━━━━━ PROVIDED MATERIAL ━━━━━

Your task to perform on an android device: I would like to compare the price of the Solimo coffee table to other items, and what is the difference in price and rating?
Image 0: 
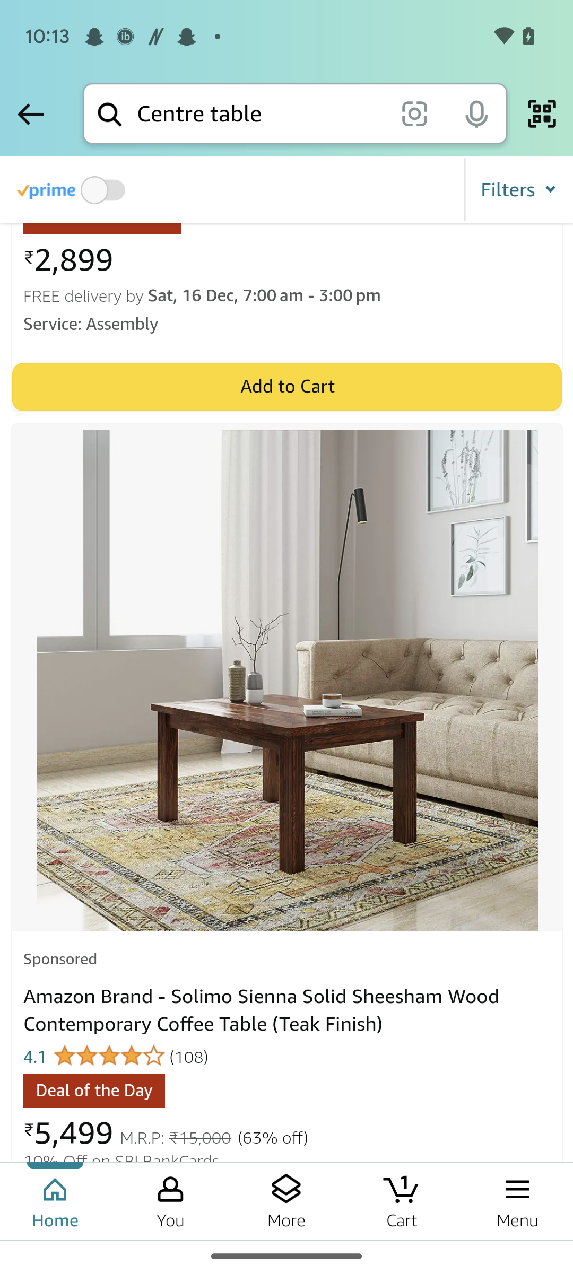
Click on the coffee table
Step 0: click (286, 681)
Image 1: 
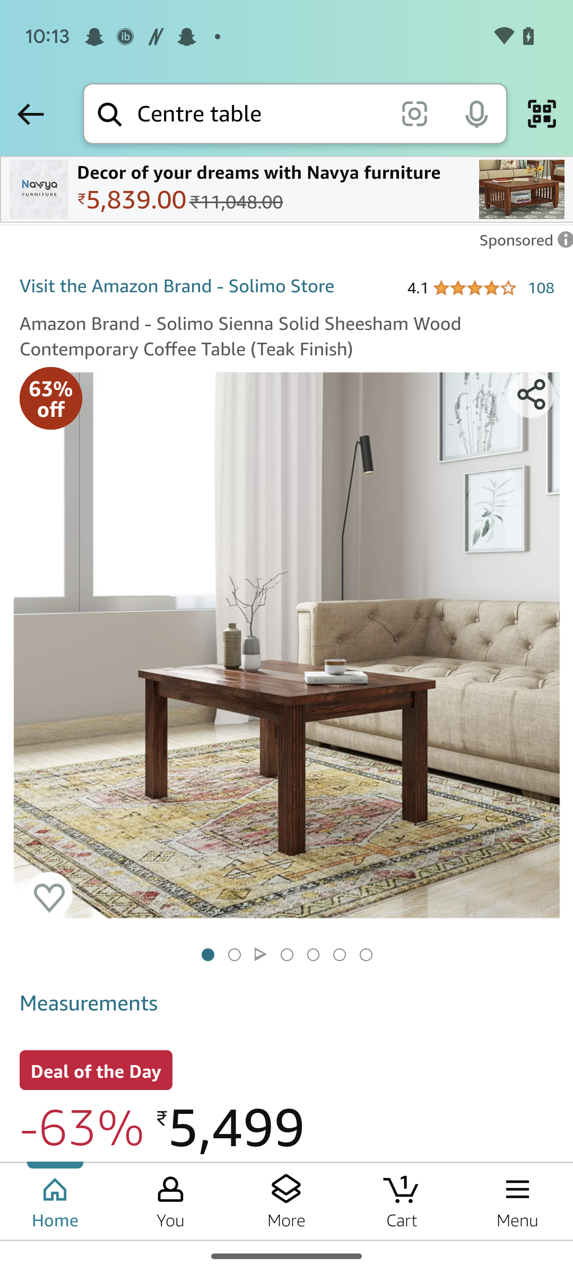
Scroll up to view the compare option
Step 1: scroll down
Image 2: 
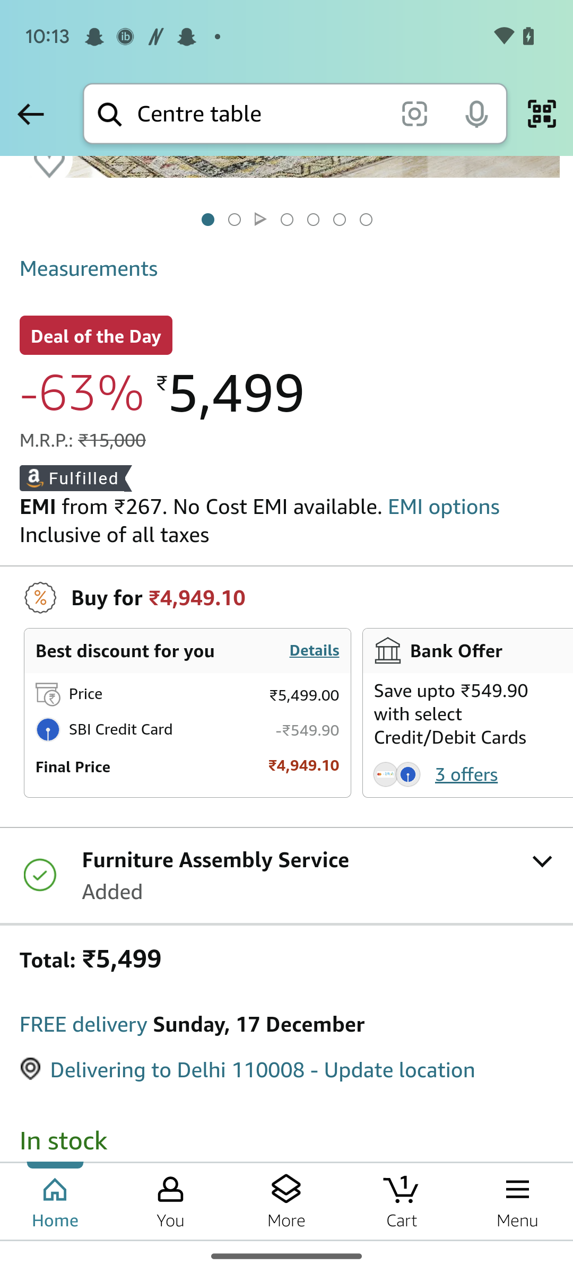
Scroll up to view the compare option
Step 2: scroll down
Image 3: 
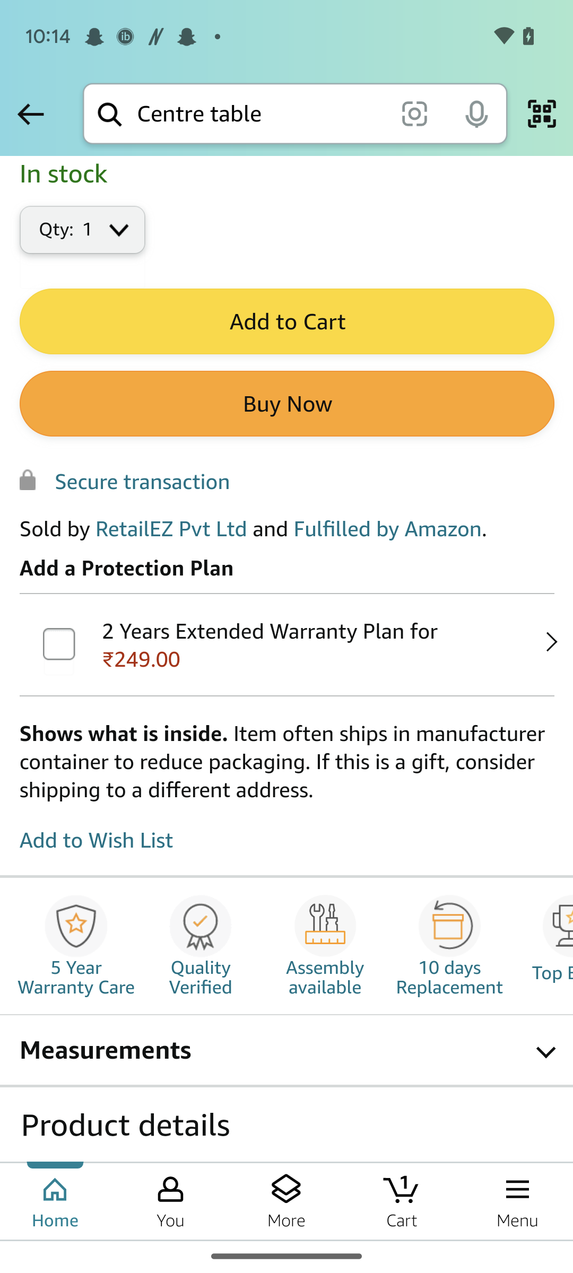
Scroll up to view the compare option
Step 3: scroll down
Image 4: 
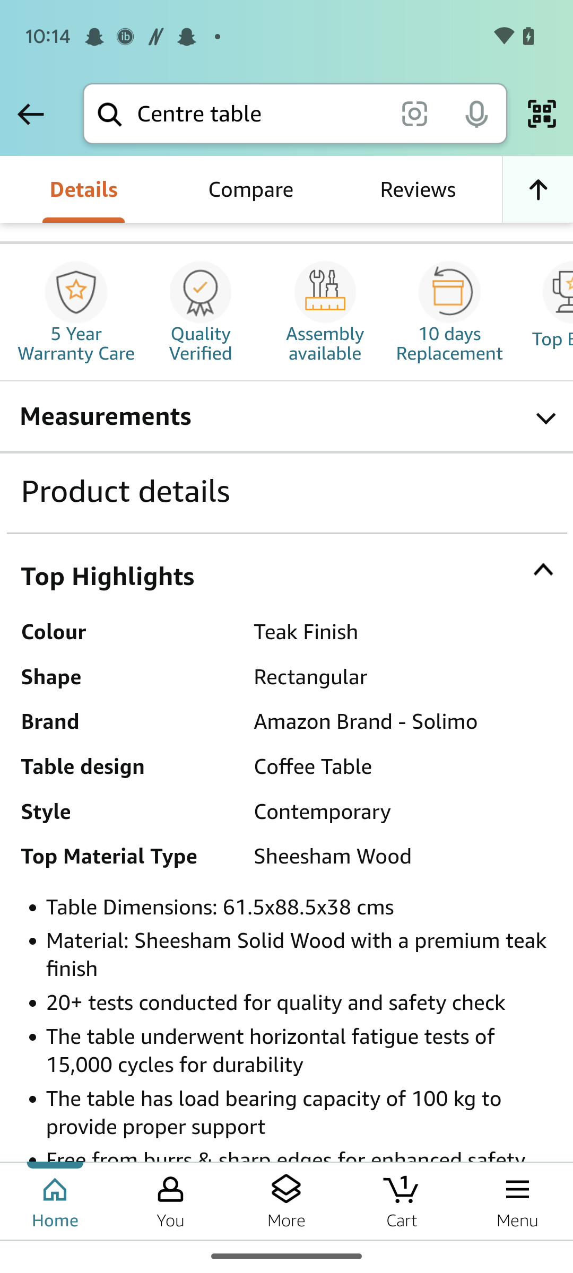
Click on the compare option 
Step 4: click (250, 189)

━━━━━

» INSTRUCTIONS FOR THE TASK: The result should be an exact copy of every entry above, with no pictures included.

» WRITTEN ANSWER:
Your task to perform on an android device: I would like to compare the price of the Solimo coffee table to other items, and what is the difference in price and rating?
Image 0: 
Click on the coffee table
Step 0: click (286, 681)
Image 1: 
Scroll up to view the compare option
Step 1: scroll down
Image 2: 
Scroll up to view the compare option
Step 2: scroll down
Image 3: 
Scroll up to view the compare option
Step 3: scroll down
Image 4: 
Click on the compare option 
Step 4: click (250, 189)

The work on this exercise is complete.